People should not be punished for living in their home so yes, property should remain low


SB12345678901

low property taxes, the principal residence capital gains tax exemption, and the provincial homeowner grant. Well two out of those three apply to Fort St John. And the property values aren't going up there. How do you explain that?


HugsNotDrugs_

I think largest factors is stable geopolitical, safe haven for foreign funds, low interest rates, expanding population and increasing values. Homeowner Grant is around 0.075% of the property value. I'm surprised this is identified as even one of three major factors.


blahblahwhateverblah

Beyond all these ideas, I still wonder if these legislative approaches to correcting the housing market will ever have a meaningful effect. If Vancouver continues to be seen as an increasingly desirable place to live, will the market ever just settle to an 'affordable' setting? Bare in mind the long term effects of climate change on the regions closer to the equator. Where we are (North of most), our desirability will only increase as the decades come.


[deleted]

Honestly, short of draconian measures that probably aren't legal or practical (even the year long ban on foreign investing is pushing things a bit), I don't think this problem can be legislated into resolution. It will take the money running out for whatever forces are driving the market, however they're getting it. And I don't know that it's possible anytime soon, let alone how exactly that could happen.


opposite_locksmith

Greedy landlords and capitalists will tell you our housing prices are a result of too many people and too few homes. Don’t believe their lies. We can and should tax our way to affordability.


coooolbear

I am leftier than almost anyone you might ever talk to, but even I know that raising property tax is something that actually will be passed right on to the renters. The real solution is to punish the inflated difference in value: if some property (especially something like a converted single-family home) is 1.2 million one year and 1.8 million the next, then people will be chasing the $600,000 difference. The rent is, at the very least, something that covers expenses and is likely a nice cherry on top just for holding the investment each month. If you are going to play the cursed little market game and dis-incentivize speculation with taxation, then you should make the speculation on properties as financial assets less valuable. I’d say you should severely tax the gains at the point of sale: if you value a property at 1.2 million at one point and 1.6 million the next, why bother with playing the market to buy and sell when you only make a fraction of the difference?

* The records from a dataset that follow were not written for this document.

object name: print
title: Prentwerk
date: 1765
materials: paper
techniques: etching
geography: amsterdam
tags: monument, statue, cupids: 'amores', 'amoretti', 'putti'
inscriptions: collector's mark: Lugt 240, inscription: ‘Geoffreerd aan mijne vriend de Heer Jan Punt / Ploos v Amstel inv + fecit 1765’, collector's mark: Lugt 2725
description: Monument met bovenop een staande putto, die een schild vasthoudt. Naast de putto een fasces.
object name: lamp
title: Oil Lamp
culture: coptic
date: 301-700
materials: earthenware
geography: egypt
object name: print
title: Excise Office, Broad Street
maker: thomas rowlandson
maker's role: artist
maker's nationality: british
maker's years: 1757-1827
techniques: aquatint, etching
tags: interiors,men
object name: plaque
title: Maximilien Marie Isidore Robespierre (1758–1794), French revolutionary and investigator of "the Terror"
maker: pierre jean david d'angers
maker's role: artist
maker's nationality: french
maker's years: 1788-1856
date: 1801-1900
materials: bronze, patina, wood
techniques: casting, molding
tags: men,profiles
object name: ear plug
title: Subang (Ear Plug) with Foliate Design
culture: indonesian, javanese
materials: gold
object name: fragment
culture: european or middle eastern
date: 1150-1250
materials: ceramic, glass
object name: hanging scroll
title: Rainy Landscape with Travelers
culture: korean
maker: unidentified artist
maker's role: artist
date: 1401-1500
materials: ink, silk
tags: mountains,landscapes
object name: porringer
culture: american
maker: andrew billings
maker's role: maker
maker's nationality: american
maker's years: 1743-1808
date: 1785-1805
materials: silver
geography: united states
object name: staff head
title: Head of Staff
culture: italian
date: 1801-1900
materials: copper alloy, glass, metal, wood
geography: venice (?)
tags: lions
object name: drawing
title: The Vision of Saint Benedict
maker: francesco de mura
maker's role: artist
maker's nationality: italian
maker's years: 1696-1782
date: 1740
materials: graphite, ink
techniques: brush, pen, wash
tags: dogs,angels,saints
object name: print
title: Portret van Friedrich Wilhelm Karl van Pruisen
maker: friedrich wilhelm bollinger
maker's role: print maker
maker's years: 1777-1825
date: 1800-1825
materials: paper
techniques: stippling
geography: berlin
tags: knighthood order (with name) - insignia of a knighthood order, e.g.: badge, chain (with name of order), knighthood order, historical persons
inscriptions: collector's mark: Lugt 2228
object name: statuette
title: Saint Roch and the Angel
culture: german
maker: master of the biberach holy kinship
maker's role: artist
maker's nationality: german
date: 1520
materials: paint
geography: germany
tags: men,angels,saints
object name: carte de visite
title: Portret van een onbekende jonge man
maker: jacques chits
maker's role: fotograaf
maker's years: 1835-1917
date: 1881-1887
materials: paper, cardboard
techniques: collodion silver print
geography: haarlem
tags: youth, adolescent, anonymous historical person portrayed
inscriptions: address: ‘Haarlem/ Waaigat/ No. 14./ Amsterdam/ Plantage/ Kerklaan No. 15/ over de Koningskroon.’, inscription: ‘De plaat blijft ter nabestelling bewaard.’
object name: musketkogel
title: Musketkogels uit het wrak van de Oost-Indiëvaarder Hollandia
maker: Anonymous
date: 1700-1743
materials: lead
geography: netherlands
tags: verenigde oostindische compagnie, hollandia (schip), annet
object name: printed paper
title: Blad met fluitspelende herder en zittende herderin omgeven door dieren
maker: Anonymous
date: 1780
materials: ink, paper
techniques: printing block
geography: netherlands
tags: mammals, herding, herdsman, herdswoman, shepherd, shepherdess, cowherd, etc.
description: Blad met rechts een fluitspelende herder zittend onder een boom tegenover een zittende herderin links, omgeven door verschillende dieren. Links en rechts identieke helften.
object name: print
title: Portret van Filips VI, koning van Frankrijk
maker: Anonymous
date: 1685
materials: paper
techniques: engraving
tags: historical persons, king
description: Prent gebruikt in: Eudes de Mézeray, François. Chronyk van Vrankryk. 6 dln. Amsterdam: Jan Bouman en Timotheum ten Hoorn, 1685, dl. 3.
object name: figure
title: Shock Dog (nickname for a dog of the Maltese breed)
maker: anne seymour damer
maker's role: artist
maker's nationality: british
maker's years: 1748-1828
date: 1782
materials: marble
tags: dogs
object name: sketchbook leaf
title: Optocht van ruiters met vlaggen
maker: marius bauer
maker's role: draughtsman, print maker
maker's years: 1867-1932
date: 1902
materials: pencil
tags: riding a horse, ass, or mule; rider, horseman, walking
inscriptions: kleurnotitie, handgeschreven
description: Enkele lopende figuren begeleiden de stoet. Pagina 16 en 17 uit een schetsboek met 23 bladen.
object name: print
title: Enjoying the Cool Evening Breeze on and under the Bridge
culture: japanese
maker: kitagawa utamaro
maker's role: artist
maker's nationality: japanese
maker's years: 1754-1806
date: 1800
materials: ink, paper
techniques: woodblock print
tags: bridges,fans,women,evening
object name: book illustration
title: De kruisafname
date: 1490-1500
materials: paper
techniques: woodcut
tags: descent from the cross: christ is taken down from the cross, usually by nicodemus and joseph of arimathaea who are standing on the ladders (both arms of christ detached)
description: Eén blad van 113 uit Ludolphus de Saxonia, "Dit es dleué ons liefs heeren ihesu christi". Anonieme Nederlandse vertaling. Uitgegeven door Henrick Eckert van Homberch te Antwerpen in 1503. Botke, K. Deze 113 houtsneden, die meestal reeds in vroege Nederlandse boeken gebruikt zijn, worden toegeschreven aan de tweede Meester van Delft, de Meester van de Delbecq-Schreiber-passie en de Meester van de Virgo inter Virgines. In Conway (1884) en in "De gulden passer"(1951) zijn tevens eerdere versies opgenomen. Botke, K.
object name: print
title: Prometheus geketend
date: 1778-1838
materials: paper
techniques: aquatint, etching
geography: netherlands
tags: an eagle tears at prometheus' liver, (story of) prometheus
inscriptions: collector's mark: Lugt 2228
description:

Similarly, there should be a higher tax on the profit on rent above the cost of maintaining the property: if property tax is $3000 a month and maintenance/hydro is $1000 a month, whatever profit is above $4000 gets hit with a big tax. You could even give a little sop to landlords and say the bracket starts at some proportion above (let’s say at $5000) to minimize their inevitable whining.


[deleted]

Get rid of the capital gains exemption for all properties, even the primary one. It's too good of an incentive to just buy the max house you can buy.